The Goal for Most is Full Agentic Lifecycle Management: The ambitions of engineering teams for scaling agentic AI are exceptionally high, with a clear focus on end-to-end management of the product and software development lifecycles (PDLC and SDLC). A significant 41% of organizations are aiming to achieve this comprehensive management for most or all of their products within the next 18 months. This figure is projected to climb to an impressive 72% within two years, assuming current expectations are met. This aspiration signifies a fundamental rethinking of how software is conceived, developed, deployed, and maintained, with AI agents taking a central, proactive role.

Redefining the future of software engineering

Compute Costs and Integration Pose Key Early Challenges: Despite the overwhelmingly positive outlook, the path to full agentic AI adoption is not without its hurdles. For all survey respondents, particularly those in early-adopter verticals such as media and entertainment and technology hardware, the primary challenges revolve around the complexities of integrating agentic AI with existing application infrastructures and the significant cost associated with the requisite computing resources.

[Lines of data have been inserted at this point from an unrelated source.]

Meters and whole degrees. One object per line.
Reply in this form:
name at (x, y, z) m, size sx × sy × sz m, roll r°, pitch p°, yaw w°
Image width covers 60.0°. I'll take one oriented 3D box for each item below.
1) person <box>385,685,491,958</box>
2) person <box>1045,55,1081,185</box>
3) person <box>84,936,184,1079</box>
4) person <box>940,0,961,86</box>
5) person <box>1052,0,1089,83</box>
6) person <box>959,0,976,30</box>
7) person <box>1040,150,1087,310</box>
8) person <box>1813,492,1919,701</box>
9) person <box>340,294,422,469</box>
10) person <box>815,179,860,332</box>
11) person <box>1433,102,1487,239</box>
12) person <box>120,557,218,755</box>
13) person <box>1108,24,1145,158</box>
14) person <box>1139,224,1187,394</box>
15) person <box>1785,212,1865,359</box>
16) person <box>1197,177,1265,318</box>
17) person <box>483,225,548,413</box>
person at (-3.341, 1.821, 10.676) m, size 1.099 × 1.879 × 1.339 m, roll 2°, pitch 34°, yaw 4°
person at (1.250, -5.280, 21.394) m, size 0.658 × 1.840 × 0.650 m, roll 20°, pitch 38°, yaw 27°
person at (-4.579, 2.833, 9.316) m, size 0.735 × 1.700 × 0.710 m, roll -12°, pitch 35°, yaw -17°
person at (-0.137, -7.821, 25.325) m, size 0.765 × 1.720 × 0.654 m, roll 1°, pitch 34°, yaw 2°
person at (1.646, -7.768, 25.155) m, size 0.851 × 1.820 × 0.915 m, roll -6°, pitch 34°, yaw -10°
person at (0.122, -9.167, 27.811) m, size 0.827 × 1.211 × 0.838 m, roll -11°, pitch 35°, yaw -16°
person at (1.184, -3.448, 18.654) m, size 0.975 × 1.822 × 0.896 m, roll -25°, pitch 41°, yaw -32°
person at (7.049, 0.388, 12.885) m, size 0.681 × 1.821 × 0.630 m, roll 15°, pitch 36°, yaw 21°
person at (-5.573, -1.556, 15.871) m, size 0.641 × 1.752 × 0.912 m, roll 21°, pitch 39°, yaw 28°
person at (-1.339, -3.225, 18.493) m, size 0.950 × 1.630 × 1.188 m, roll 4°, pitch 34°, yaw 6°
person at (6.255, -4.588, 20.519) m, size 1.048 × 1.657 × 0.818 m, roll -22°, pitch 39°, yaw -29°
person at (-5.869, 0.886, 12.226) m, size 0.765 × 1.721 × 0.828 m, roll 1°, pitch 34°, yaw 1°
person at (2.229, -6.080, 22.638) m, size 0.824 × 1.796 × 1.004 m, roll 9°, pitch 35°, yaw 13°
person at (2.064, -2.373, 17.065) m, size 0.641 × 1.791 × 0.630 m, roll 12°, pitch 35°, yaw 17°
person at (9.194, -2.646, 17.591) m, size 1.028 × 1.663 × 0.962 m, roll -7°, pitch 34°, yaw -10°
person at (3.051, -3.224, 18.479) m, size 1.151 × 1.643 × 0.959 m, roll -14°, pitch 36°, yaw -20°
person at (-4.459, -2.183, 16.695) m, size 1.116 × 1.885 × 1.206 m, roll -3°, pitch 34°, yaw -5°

Beyond these technical considerations, the interviewed experts consistently emphasize the more profound organizational and change management difficulties that teams will encounter in fundamentally altering their established workflows. Successfully navigating these challenges will be crucial for unlocking the full potential of agentic AI.

The report, available for download, serves as a vital roadmap for organizations looking to navigate this transformative period. It underscores that the integration of agentic AI is not merely a technological upgrade but a strategic imperative that demands a holistic approach, encompassing not only advanced tooling but also a commitment to evolving organizational structures and development philosophies. As agentic AI matures and its capabilities become more robust, it promises to fundamentally redefine the practice of software engineering, leading to more innovative, efficient, and high-quality software products. The future of software development is increasingly autonomous, intelligent, and agent-driven, and those organizations that embrace this paradigm shift early will undoubtedly lead the charge in shaping the digital landscape for years to come. The journey towards agent-managed development is underway, and its implications for both software engineering and the creation of digital content are profound and far-reaching, promising to unlock new levels of creativity and productivity.